What the task asks
Look for "scene" in each line of the records, and copy the lines that have it.

Records from a collection
┌──

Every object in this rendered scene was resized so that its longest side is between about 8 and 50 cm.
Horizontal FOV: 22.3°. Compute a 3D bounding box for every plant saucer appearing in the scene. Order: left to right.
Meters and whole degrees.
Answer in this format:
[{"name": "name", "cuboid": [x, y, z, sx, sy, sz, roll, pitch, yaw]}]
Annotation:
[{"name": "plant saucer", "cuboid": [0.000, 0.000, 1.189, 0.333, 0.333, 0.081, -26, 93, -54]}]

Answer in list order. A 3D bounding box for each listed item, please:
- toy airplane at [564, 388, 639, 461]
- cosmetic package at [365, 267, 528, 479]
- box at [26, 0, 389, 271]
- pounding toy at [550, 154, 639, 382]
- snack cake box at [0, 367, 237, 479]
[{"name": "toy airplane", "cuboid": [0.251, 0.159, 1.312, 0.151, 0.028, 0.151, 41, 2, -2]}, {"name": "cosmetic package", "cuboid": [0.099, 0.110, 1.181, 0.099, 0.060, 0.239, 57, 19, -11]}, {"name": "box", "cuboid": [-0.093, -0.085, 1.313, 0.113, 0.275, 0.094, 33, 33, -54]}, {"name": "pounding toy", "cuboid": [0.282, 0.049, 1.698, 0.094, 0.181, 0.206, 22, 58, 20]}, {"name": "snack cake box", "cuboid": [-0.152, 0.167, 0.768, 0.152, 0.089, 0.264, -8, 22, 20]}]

└──

Result
Every object in this rendered scene was resized so that its longest side is between about 8 and 50 cm.
Horizontal FOV: 22.3°. Compute a 3D bounding box for every plant saucer appearing in the scene. Order: left to right.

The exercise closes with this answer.